第3話 ゴールドマン

 まずは、装備を集める必要がある。

 そう考えたレイヴンは、ダンジョンから出て来るプレイヤーたちに、片っ端から声をかけていた。


「すいません。装備を譲ってもらえませんか?」


 だが、レイヴンが声をかけた青年は、彼のことを見ても、ただ鬱陶しそうに首を横に振っただけであった。
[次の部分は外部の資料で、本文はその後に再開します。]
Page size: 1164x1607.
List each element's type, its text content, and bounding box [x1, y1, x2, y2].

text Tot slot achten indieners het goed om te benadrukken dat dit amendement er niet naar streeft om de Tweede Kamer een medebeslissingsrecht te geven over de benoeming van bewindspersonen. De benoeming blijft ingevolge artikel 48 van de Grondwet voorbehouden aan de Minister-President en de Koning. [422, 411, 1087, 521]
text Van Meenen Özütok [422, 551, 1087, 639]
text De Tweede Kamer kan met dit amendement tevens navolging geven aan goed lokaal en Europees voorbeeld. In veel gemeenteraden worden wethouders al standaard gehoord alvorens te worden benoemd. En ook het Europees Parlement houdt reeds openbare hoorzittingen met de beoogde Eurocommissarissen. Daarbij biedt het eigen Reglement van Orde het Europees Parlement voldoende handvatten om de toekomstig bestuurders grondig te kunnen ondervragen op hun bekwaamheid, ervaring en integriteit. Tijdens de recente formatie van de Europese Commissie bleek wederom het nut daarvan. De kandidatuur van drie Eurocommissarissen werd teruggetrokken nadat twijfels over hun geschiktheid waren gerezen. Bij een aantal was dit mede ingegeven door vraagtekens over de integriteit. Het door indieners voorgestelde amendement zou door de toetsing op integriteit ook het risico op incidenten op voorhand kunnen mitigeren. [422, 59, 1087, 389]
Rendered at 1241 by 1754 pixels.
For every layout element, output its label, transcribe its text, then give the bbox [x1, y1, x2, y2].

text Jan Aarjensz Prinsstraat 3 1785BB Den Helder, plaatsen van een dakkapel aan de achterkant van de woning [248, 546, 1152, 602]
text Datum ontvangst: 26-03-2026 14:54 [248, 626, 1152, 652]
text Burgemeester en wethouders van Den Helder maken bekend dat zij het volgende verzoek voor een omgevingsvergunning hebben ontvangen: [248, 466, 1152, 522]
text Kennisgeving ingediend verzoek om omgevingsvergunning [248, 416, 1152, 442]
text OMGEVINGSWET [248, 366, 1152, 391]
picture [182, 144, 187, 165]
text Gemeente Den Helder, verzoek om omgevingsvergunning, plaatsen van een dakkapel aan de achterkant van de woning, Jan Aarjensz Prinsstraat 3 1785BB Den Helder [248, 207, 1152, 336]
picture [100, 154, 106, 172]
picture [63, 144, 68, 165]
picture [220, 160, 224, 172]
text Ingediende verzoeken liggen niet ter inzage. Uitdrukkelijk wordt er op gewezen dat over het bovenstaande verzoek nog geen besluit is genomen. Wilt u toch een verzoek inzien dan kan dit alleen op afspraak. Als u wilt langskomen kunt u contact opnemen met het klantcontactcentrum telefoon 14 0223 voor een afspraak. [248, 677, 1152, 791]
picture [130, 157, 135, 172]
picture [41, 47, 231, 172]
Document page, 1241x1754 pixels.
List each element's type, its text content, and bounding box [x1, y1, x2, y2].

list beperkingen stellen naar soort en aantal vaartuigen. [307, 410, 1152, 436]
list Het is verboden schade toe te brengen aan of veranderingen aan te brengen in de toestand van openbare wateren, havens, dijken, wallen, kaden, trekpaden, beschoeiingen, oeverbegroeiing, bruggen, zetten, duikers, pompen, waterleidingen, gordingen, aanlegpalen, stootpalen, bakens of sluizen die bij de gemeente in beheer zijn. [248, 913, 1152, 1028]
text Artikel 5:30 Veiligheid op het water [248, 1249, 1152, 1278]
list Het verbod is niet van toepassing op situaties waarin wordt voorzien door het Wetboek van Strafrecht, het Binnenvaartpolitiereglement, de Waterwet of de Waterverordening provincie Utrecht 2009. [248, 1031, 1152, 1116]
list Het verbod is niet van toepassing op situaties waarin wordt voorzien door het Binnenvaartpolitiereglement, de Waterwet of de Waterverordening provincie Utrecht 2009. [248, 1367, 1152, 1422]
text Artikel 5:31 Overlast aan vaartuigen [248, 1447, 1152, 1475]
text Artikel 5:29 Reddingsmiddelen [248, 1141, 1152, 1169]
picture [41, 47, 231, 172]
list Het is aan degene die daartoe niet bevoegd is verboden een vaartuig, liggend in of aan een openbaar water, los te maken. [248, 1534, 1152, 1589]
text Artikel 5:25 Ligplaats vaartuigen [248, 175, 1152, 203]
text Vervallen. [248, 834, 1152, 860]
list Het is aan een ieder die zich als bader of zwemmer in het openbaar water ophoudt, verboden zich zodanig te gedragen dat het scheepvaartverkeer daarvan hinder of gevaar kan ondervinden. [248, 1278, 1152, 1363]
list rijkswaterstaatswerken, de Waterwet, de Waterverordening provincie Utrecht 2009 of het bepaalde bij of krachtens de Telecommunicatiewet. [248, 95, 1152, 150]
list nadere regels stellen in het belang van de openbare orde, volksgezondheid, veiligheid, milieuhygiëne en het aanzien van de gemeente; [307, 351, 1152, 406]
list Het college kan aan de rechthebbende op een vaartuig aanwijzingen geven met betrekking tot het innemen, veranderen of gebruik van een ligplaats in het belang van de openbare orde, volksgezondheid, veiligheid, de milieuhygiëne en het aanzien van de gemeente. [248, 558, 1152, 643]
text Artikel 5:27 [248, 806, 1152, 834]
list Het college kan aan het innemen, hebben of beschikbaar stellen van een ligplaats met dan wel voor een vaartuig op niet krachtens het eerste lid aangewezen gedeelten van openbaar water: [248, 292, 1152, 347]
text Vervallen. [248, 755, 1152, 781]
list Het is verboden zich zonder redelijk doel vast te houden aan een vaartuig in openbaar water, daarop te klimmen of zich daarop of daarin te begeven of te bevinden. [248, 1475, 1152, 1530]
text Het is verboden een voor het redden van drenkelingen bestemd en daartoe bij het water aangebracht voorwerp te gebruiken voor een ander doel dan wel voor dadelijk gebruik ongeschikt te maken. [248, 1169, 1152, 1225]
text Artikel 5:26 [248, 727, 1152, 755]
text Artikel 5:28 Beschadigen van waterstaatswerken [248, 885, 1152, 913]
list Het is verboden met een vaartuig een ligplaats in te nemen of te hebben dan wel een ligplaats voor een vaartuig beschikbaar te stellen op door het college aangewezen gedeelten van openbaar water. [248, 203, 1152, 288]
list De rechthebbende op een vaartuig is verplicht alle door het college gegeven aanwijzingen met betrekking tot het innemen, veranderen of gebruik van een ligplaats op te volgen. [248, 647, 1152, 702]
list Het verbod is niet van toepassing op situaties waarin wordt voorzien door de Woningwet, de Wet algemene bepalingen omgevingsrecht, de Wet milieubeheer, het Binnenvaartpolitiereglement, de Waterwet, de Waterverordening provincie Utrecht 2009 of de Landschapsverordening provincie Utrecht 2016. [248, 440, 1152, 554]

 つづいて出て来た男性は、レイヴンのことを相手にしようとせず、その次に現れた女性は、ひどく疲れたような溜め息を、彼に向かって吐いただけだった。それだけでも、十分に不愉快だというのに、あろうことか、最後に見かけた男性にいたっては、レイヴンの話を聞くやいなや鼻で笑ったのだ。


(クソっ! なんだってんだよ、どいつもこいつも。人の話なんかろくに聞きやしねえ。今さら、ライバルが増えるのが嫌になったってか? 冗談じゃない! あと一人くらい、仲間に加えてくれたっていいだろうが……)


 憤りを隠せず、胸中で悪態をつくレイヴン。

 もう、かれこれ十人以上に、提案を持ちかけただろうか。


(だが、姉ちゃんのためだ。へこたれているわけにはいかない。もっと、相手の表情を見て、話を聞いてくれそうな人間を選ぶんだ)


 そう思って、ダンジョンに出入りする人々を眺めていれば、レイヴンはある特徴に気がついた。全員が全員、無気力なのだ。


 痩せこけた頬に、光を失った瞳。

 まるで、カラサの住人を、そっくりそのまま移して来たように、ここにいる人々からは、およそ生気と呼べるものを感じない。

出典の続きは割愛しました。